Согласно карте, расстояние — по прямой — от нашего теперешнего опорного пункта до поселка Баррикады составляло до девяти километров. Однако для того, чтобы дойти до новой зоны ответственности без угрозы с тыла, нам нужно было заложить большой крюк, что означало как минимум двадцать километров марша. Я снова изучил карту. На крайнем юге города находилась Елшанка, где мои товарищи впервые вошли в Сталинград. Сейчас мы были у устья Царицы, и нам нужно было идти в северную часть Сталинграда, к Баррикадам. Для нас, «кузнечиков», это будет чертовски трудно.

30 сентября 1942 г.

Было еще темно, когда прибыли двое ездовых с телегами. У нас было достаточно времени, и можно было спокойно собраться. Все, что мы не должны были нести на себе, грузилось на повозки. Два отделения из трех получили одну телегу, третье отделение и моя группа управления — другую. Мое особое оружие — связки гранат, русское противотанковое ружье и русский автомат — теперь будут под рукой.

Двое «хиви», Петр и Павел, были приданы каждый своей телеге. Они были счастливы остаться с нами.

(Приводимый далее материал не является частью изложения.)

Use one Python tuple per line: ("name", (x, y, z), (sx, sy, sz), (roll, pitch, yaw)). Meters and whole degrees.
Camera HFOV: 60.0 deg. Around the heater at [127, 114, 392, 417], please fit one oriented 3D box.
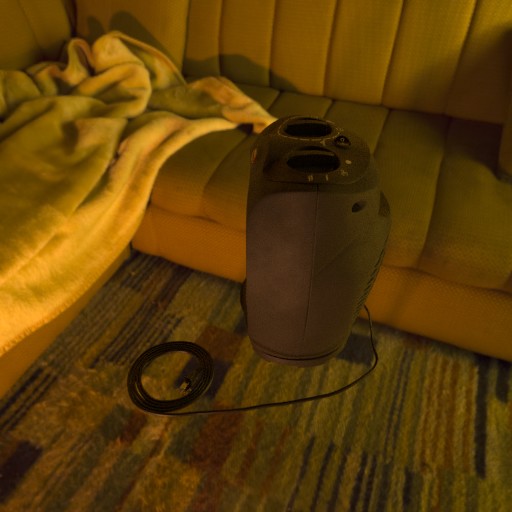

Что их особенно впечатлило — это такой же, как у нас, паек.

Петр сказал Павеллеку, что в Красной Армии пайки пяти разных уровней.

Я не мог этому поверить. Коммунисты, как считалось, были «армией рабочих и крестьян»!

Теперь мы были готовы к маршу, двигаясь к указанной точке рандеву в расчлененном боевом порядке, чтобы снизить риск воздушного налета. Несмотря на наш скромный боевой состав, наша группа растянулась метров на сто. Я со связными и Павеллеком был в авангарде, а унтер-офицер Роттер был в хвосте колонны. У бывшей женской тюрьмы ГПУ нас ждал Йохен, готовый нас инструктировать.

—    Доброе утро, Берт!

—    Доброе утро, Йохен!

—    Можете продолжать марш. 5-я рота только что прошла. Лейтенант Вайнгертнер раздобыл проводника, который знает точный путь.

—    Кто за нами?

—    Дальше идет 6-я рота с лейтенантом Фуксом, и затем обер-фельдфебель Якобс с 8-й ротой. Мы пойдем с 8-й ротой. Когда все двинутся, командир поедет со мной в голову колонны.

—    Ну, тогда увидимся.

—    Да, будь осторожен.

Я поспешил обратно к роте. Какой-то момент мы шли вдоль железной дороги в северном направлении в сторону центра города. Звук боя становился громче. Темные грибы дыма вставали здесь гуще всего. Проложенный мимо железнодорожной насыпи слева от нас и развалин домов справа наш маршрут можно было назвать движением напрямик. Идеальная мишень для налета. К счастью, в нашем секторе мы до ночи не видели самолетов противника. Мы поддерживали визуальный контакт с хвостом 5-й роты, идущей впереди, и таким образом избегали необходимости думать о том, куда идти.